We flogged the absolute poo out of our poor van, doing 500K a day through the outback in the middle of summer.
Foot down flat doing about 95 km/h
They were never designed for that. 
I forget now how many cylinder heads we went through in the 3 years we had it...5 or 6 maybe.   :Smilie:  
The dual carby setup was a bit rubbish tho.

----------


## David.Elliott

We had a purple Type 3 wagon...the engine wore out so we had it rebuilt and warmed over at the same time... 
My continual challenge with that car was the fuel solenoid wires coming adrift. Then the fuel hose would bust off and spray hot fuel all over the exhaust...fun!

----------


## Uncle Bob

Mate had a Kombi, as you do when your a surfie dude. We had a lot of fun in that. But it was the most unreliable vehicle I'd ever known, spent way too much time pushing the bastard around.
Then there was the times going up hills where we would jump out and run past it lol.
We ended up calling it Hitlers' Revenge  :Smilie:

----------


## toooldforthis

by overrated I just meant the reputation was a bit higher than reality. 
plenty of stories but in the 2nd Kombi gf & I spent 18 months working our way round Oz.
was house sitting in FNQ during the wet and decided that was a good time to pull the motor cause had oil leak and flappy valves around #3 - pulled stud was the diagnosis which proved to be correct.
pulled the motor in the backyard, dismantled under the lean to, and hitched to Cairns with half a crankcase under each arm to get helicoils. 
borrowed a trolley jack from local bus depot for a carton of xxxx. 
got the motor back together and slid it under the bus.
knocked off for the night and had torrential rain during the night and the jack stands sunk and the van slid off. missed the inlet manifold by 2mm I reckon.
left the van where it was and levered the engine up and into place.
qed.

----------


## ringtail

Anyone else set their beetle on fire by having 4 in the back and the seat springs shorting on the battery terminals ? Good fun. My best beetle morphed into a baja. Went to Fraser twice in that thing when Fraser was real. Drove it from Brisbane to Rocky too. Took 11 hours up and 12 hours back. On the way up was 40 degrees and we stopped at every servo for fuel and drinks. On the way back it was night, raining, jumping out of 4th gear and one wiper arm fell off. Happy days. Wouldn't trade them for anything.

----------


## PlatypusGardens

I could write a book about the mishaps in our Kombi from broken distributor to snapped A-pillar. 
Happy days...not at the time,  but funny in retrospect and wouldn't trade them either

----------


## Jon

The heater in my dads kombi seemed to work by pumping hot exhaust fumes into the cab. 
Any time I borrowed dads or my sisters something was bound to fail.
But they were great. 
Sent from my SM-G930F using Tapatalk

----------


## phild01

Got my licence in a beetle.  Reverse park and the gear lever wouldn't hold so asked the test guy to hold it in, my request was denied.  Did the best reverse park of my life holding the lever with one and steering with the other.  Licence approved.

----------


## toooldforthis

> Anyone else set their beetle on fire by having 4 in the back and the seat springs shorting on the battery terminals ? Good fun. My best beetle morphed into a baja. Went to Fraser twice in that thing when Fraser was real. Drove it from Brisbane to Rocky too. Took 11 hours up and 12 hours back. On the way up was 40 degrees and we stopped at every servo for fuel and drinks. On the way back it was night, raining, jumping out of 4th gear and one wiper arm fell off. Happy days. Wouldn't trade them for anything.

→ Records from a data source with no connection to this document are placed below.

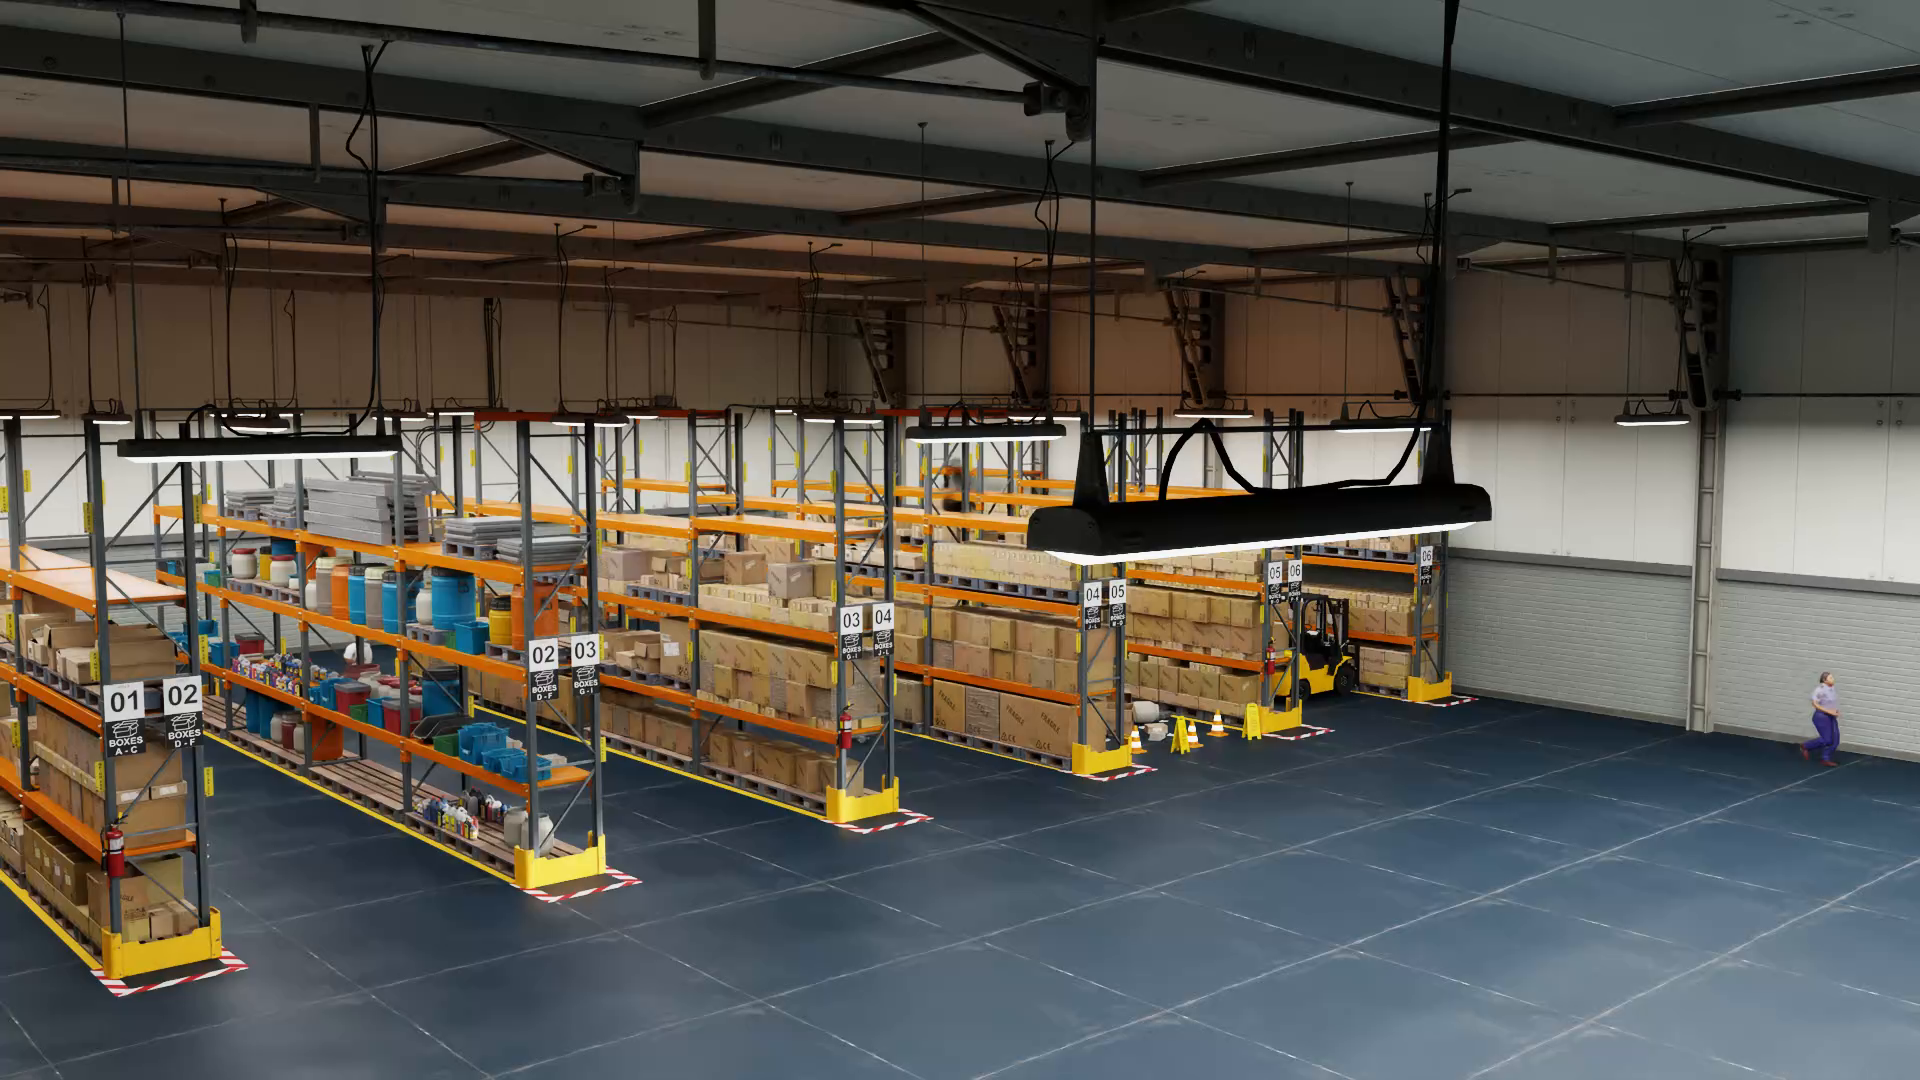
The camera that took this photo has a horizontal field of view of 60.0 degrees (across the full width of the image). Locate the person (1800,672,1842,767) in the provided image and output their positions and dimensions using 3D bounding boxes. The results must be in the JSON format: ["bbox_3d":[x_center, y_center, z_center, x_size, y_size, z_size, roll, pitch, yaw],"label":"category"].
[{"bbox_3d":[14.720,3.040,28.362,0.601,1.599,0.608,-4,6,-38],"label":"person"}]

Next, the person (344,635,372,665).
[{"bbox_3d":[-11.648,2.624,32.226,0.847,1.819,0.667,4,6,38],"label":"person"}]

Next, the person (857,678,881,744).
[{"bbox_3d":[-1.677,2.835,30.134,0.640,1.717,0.671,-5,7,-43],"label":"person"}]

  as long as you still had the driver side wiper, not a problem  :Smilie:  
The first car I tried to buy, at 17, was a Citroen Light 15. The driver side wiper was the expected electric/mechanical job, but the passenger was manually operated via knob on the dashboard. 
Fell in love with that car but the seller changed his mind about selling, guess he loved it too much too, or couldn't bear to see it go to a pimply kid.

----------


## MorganGT

> They're in an awkward spot for any in-car tinkering though, is what I meant.
> Compared to opening the bonnet on a "normal" car.
> Still better than, say, a HiAce van I guess where it's under the seat.

  ....or a Renault Trafic van - my work van wouldn't start last Monday, roll-started it and got it to our factory. Turned out the 2 bolts holding the starter solenoid on had come loose and one had fallen out. But it took one of our techs (who is an ex-mechanic) 8 hours to pull things apart enough to get in and refit it and get it all back together.   :Smilie:   

> The dual carby setup was a bit rubbish tho.

  Ours had 2 1/2 carbs - there was a separate unit on a crossover pipe between the 2 carbs that was basically a mini carburettor to assist with cold starts. It was a relatively uncommon version - a Microbus with a 2 litre engine and auto transmission. Surprisingly fast away from the lights. Fun to hoon too, including the day when I scared the crap out of myself throwing it through a roundabout and the front sway bar snapped, hit the floorpan under my feet hard enough I could feel it and caused the bus to suddenly heel over at a huge lean angle.

----------


## PlatypusGardens

See?
everyone has a Kombi or Beetle story   :Smilie:

----------


## ringtail

> as long as you still had the driver side wiper, not a problem

  Nope. That's the one the went AWOL, of course. :Biggrin:

----------


## Bros

> Nope. That's the one the went AWOL, of course.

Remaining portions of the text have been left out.